Delays by City (Overall)

Let’s see if there are differences in flight delays by city.

# Group the data by airline
airline_data4 <- airline_data3 %>%
  select(airline, city, delay_rate, ontime_rate) %>%
  group_by(city) 

# Calculate the mean of the rates over airlines
tbl <- airline_data4 %>% 
  summarize(delay = mean(delay_rate), ontime=mean(ontime_rate)) %>%
  arrange(desc(delay))

# Print the table
formattable(tbl)

city	delay	ontime
city_san_francisco	0.22795008	0.7720499
city_seattle	0.18747466	0.8125253
city_los_angeles	0.12758934	0.8724107
city_san_diego	0.11564809	0.8843519
city_phoenix	0.06523728	0.9347627

# barplot
ggplot(airline_data4, aes(x=reorder(city, -delay_rate), y=delay_rate, fill=city)) +
  ggtitle("Delay Rate by City (All Airlines)") +
  theme(plot.title = element_text(hjust = 0.5)) + 
  geom_bar(position='dodge', stat="identity") + 
  xlab('City') + 
  ylab('Percent of Flights Delayed')

Delays by Airline & City

Let’s look side-by-side for each city and see how the airlines performed against each other.

# Paired bar plot
ggplot(airline_data3, aes(fill=airline, y=delay_rate, x=reorder(city, -delay_rate))) +
  ggtitle("Delay Rate by City") +
  theme(plot.title = element_text(hjust = 0.5)) + 
  geom_bar(position='dodge', stat="identity") +
  xlab('City') + 
  ylab('Percent of Flights Delayed')

Delays vs Total Flights

I wonder if delays just track with overall traffic, i.e. as # of flights increase, there are more delays? Each point represents a single airpoint and we are plotting the delay rate vs the total number of flights by that airline into each airport.
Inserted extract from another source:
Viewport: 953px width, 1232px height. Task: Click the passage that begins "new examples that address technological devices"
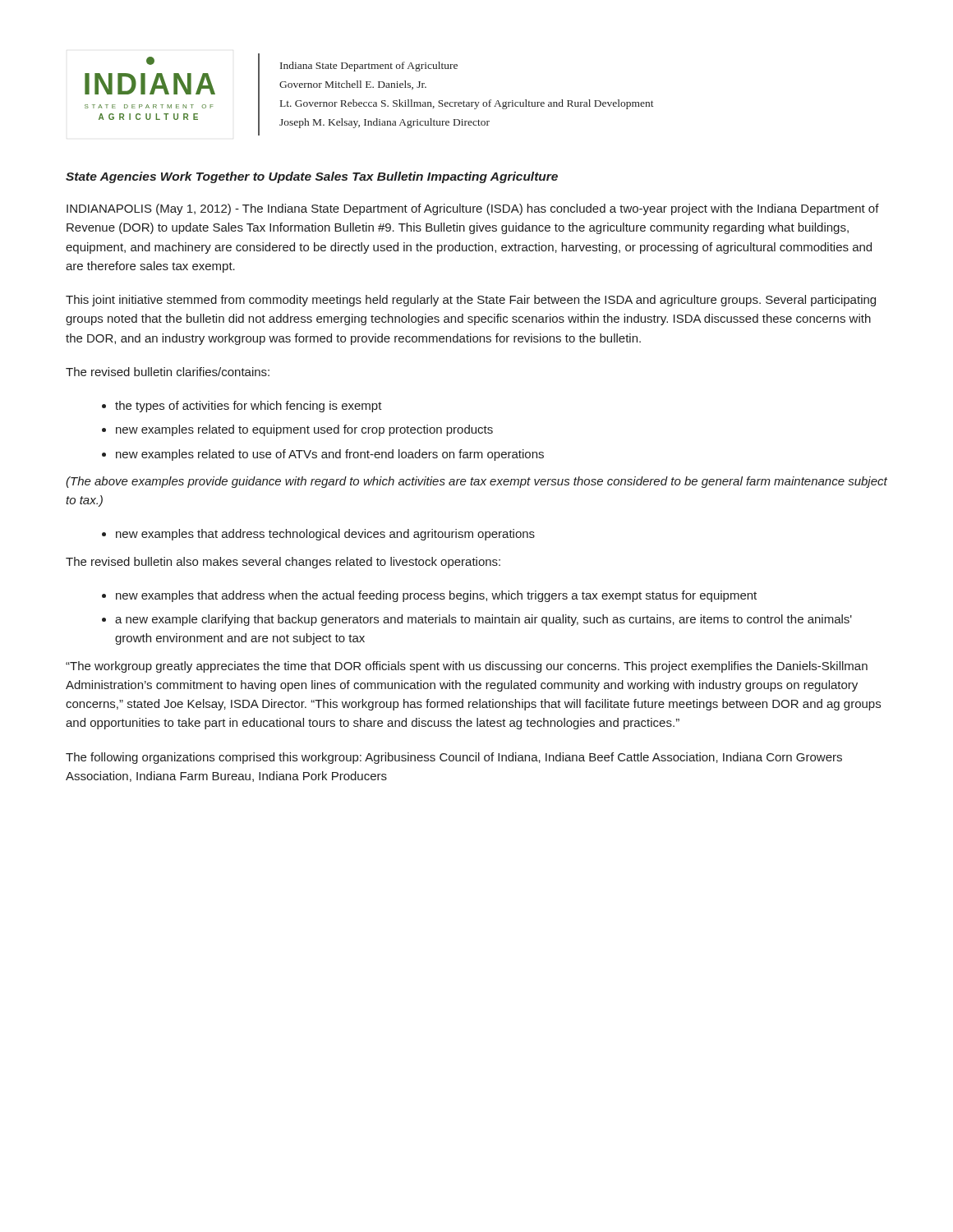tap(325, 534)
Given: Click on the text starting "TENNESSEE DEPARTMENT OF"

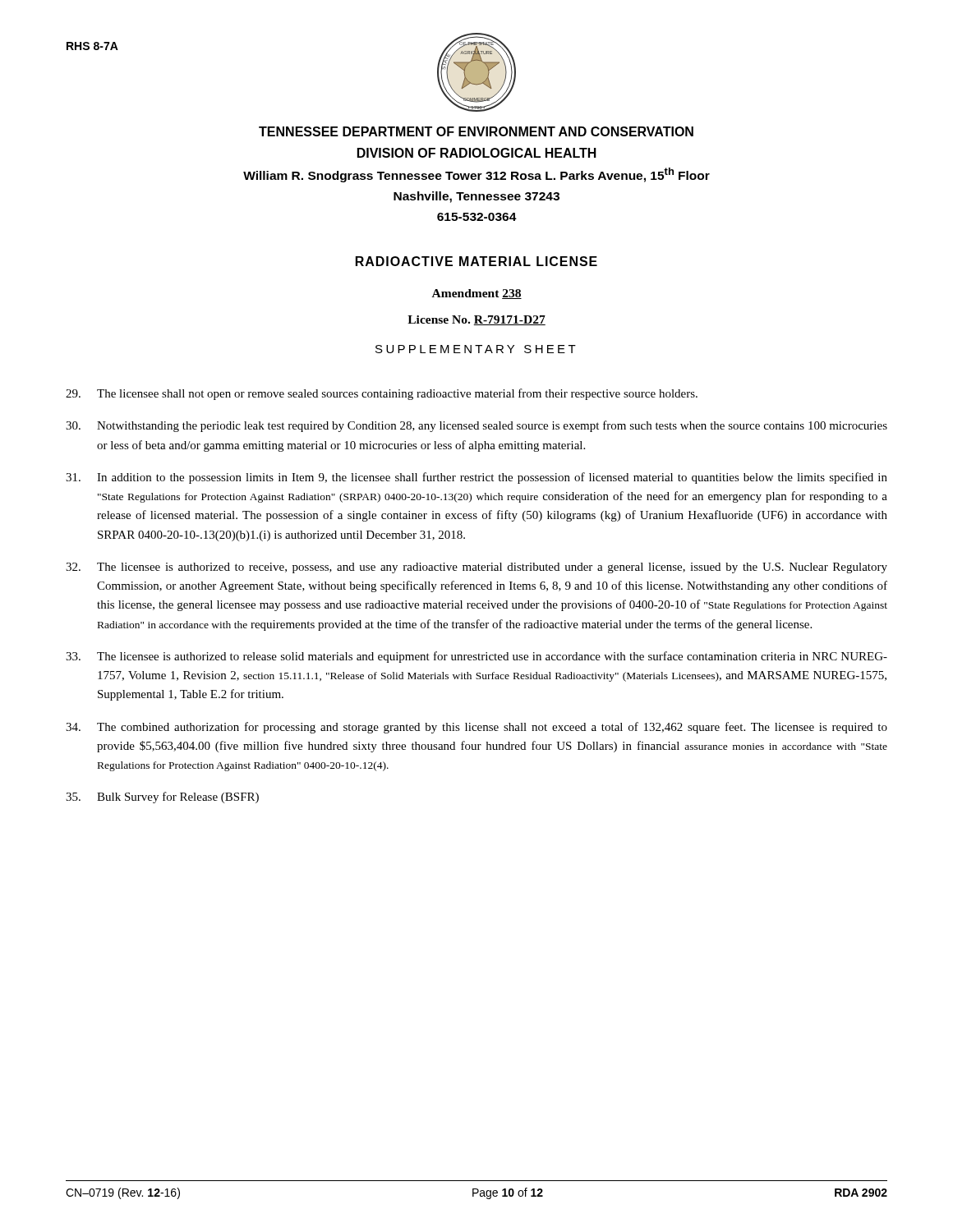Looking at the screenshot, I should (476, 174).

ggplot(airline_data3, aes(y=delay_rate, x=flights, color=airline)) +
  ggtitle("Delay vs Total Flights") +
  theme(plot.title = element_text(hjust = 0.5)) + 
  geom_point() +
  xlab('Total Flights') + 
  ylab('Delay Rate')

Conclusions

We see that overall AM WEST has significantly higher delays across all cities compared with ALASKA airlines.
There is a clear difference in delay rate by city ranging from ~8% up to ~30%.
There doesn’t seem to be any correleation between the total number of flights by an airline into a specific airport and the percent of delayed planes they experience.